- Film poster
- Directed by: Reinhard Hauff
- Written by: Reinhard Hauff; Peter Schneider;
- Produced by: Wolf-Dietrich Brücker; Eberhard Junkersdorf;
- Starring: Bruno Ganz
- Cinematography: Frank Brühne
- Edited by: Peter Przygodda
- Music by: Irmin Schmidt
- Release date: 1978;
- Running time: 108 minutes
- Country: West Germany
- Language: German

= Knife in the Head =

1978 film

Knife in the Head (Messer im Kopf) is a 1978 West German drama film directed by Reinhard Hauff and starring Bruno Ganz. The film follows the recovery of a man shot in the head by the police during the raid of a left-wing social centre. It won awards in Paris and Berlin.

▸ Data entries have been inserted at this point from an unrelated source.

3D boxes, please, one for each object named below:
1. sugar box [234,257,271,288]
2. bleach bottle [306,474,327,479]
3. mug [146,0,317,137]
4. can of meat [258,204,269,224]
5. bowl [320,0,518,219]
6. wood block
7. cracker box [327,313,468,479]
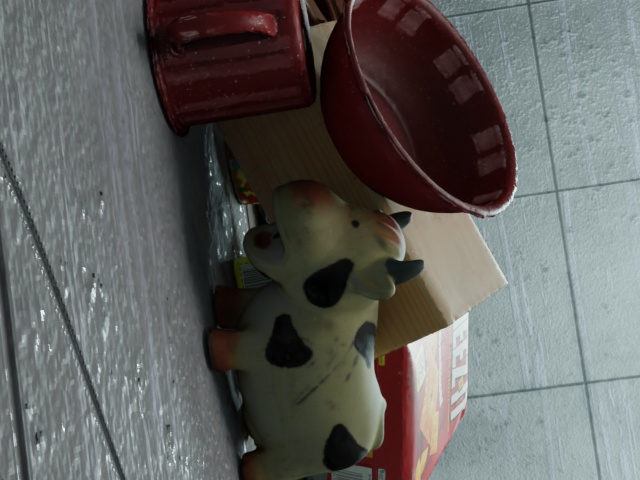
[{"bbox_3d":[-0.025,0.058,0.802,0.176,0.048,0.093,53,28,-85],"label":"sugar box"},{"bbox_3d":[0.027,0.228,1.019,0.250,0.068,0.102,63,20,-68],"label":"bleach bottle"},{"bbox_3d":[-0.049,-0.111,0.597,0.117,0.081,0.093,21,61,-84],"label":"mug"},{"bbox_3d":[-0.027,-0.055,0.897,0.102,0.057,0.084,-79,158,-76],"label":"can of meat"},{"bbox_3d":[0.050,-0.077,0.642,0.161,0.055,0.162,31,44,-36],"label":"bowl"},{"bbox_3d":[0.023,-0.033,0.709,0.090,0.091,0.206,-26,87,-51],"label":"wood block"},{"bbox_3d":[0.072,0.117,0.905,0.213,0.072,0.164,-37,130,-63],"label":"cracker box"}]

Irmin Schmidt composed the entirety of the film's soundtrack, aided by Alex Wiska who played bağlama.

==Plot==
Knife in the Head begins with a police raid on a left-wing social centre in which Berthold Hoffmann is seriously injured. His wife Ann Hoffmann and her friend Volker visit him in hospital and discover that he is brain damaged. The doctors say he needs time to recover, but the police are eager to interview him. The film then becomes a chart of his slow recovery of what happened during the raid. For his supporters it is clear that Hoffmann was shot by a police officer and that the state is repressive, whilst the police led by Anleitner seek to prove a conspiracy led by Hoffmann.

==Cast==
- Bruno Ganz as Berthold Hoffmann
- Angela Winkler as Ann Hoffmann
- Hans Christian Blech as Anleitner
- Heinz Hoenig as Volker
- Hans Brenner as Scholz
- Udo Samel as Schurig
- Eike Gallwitz as Dr. Groeske
- Carla Egerer as Schwester Angelika
- Gabriele Dossi as Schwester Emilie
- Hans Fuchs as Chefarzt
- Gert Burkard as Institutsdirektor
- Erich Kleiber as Pförtner

==Critical response==
The film was released in 1978. Roger Ebert gave it three stars, saying it "isn't a straightforward leftist political tract; it's much more subtle than that". A neurologist opined that "Bruno Ganz’s extraordinary portrayal of Berthold Hoffman’s neurological condition is arguably the most realistic enactment of a brain injury ever depicted in the cinema". Writing in The New York Times, Vincent Canby called the ending "both a shock and thoroughly satisfying". The film was nominated for Best Foreign Language Film of the year by the U.S. National Board of Review. Reinhard Hauff won award at festivals in Berlin and Paris for the film.